* **EXTRACTED DATA**
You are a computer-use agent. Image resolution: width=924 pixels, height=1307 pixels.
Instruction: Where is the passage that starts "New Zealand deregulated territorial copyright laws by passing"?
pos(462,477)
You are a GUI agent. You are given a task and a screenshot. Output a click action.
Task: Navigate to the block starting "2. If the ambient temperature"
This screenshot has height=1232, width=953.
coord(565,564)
---
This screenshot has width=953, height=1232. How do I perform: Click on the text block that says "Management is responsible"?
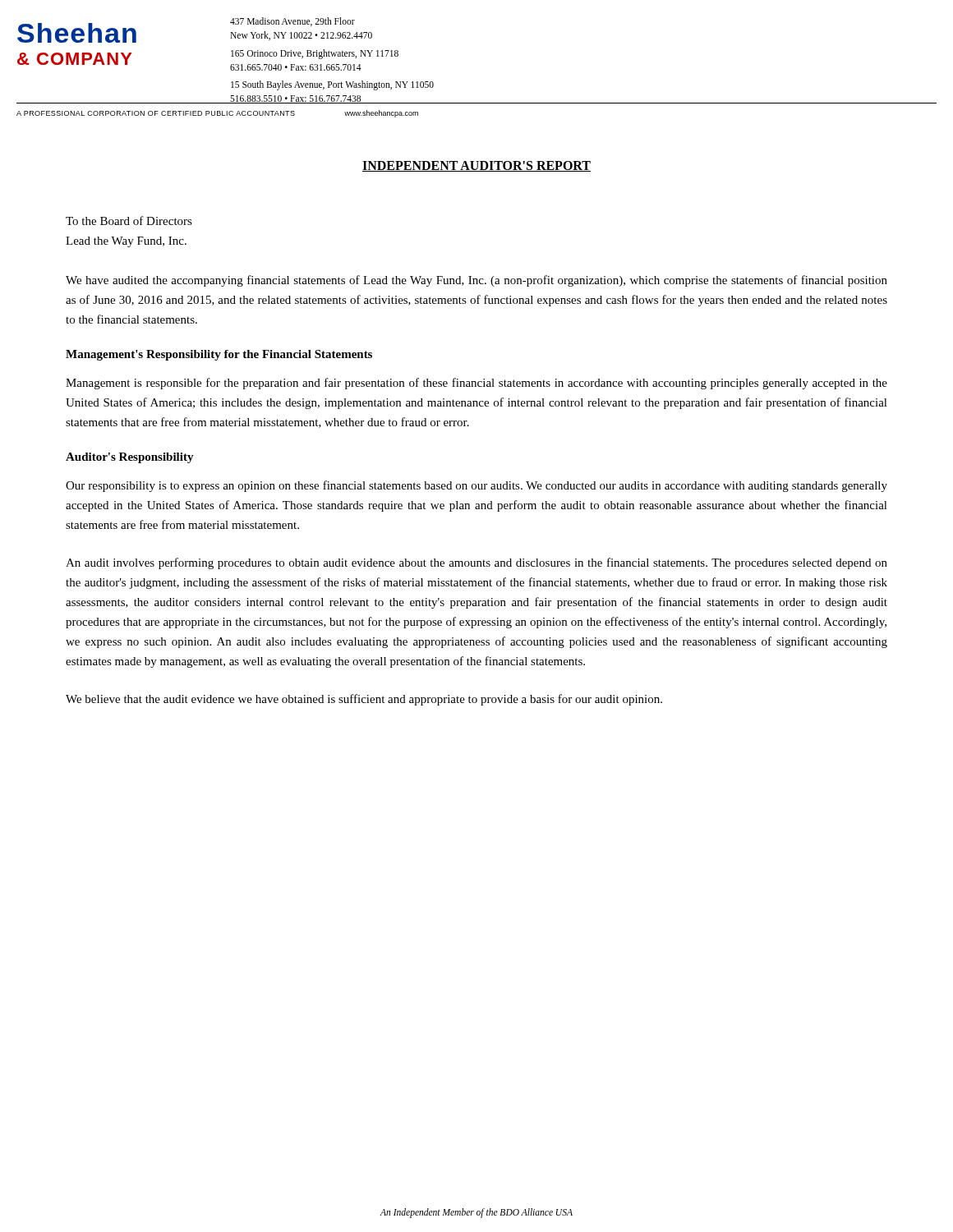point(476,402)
--
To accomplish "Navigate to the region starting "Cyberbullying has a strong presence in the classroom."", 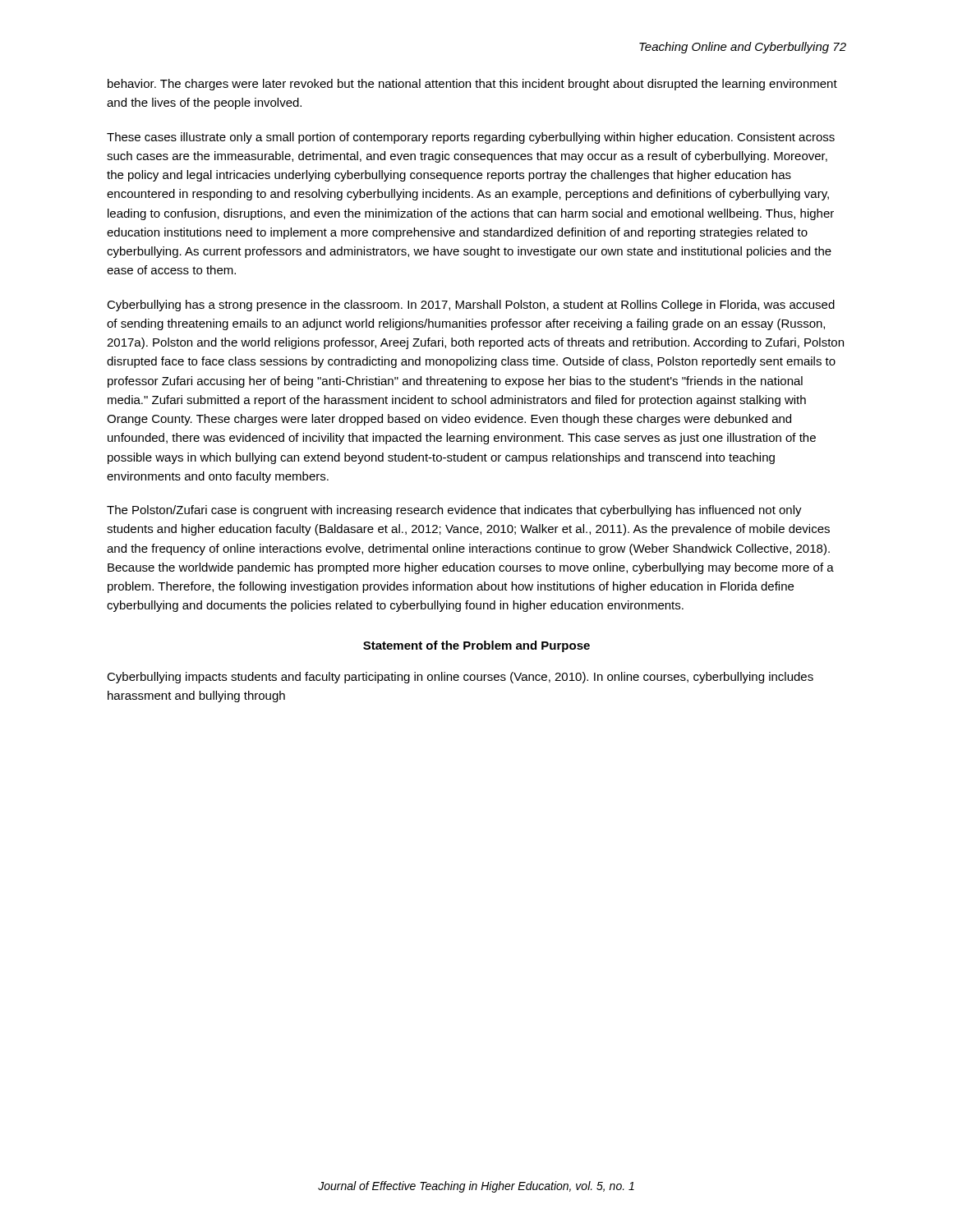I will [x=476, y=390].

* **TASK OBJECTIVE**
Could you reproduce exactly the lines of the entries above, from the one with "You are a computer-use" through the one with "Task: Navigate to", and nothing else?

* **WRITTEN RESPONSE**
You are a computer-use agent. Image resolution: width=924 pixels, height=1307 pixels.
Instruction: Where is the passage that starts "New Zealand deregulated territorial copyright laws by passing"?
pos(462,477)
You are a GUI agent. You are given a task and a screenshot. Output a click action.
Task: Navigate to the block starting "2. If the ambient temperature"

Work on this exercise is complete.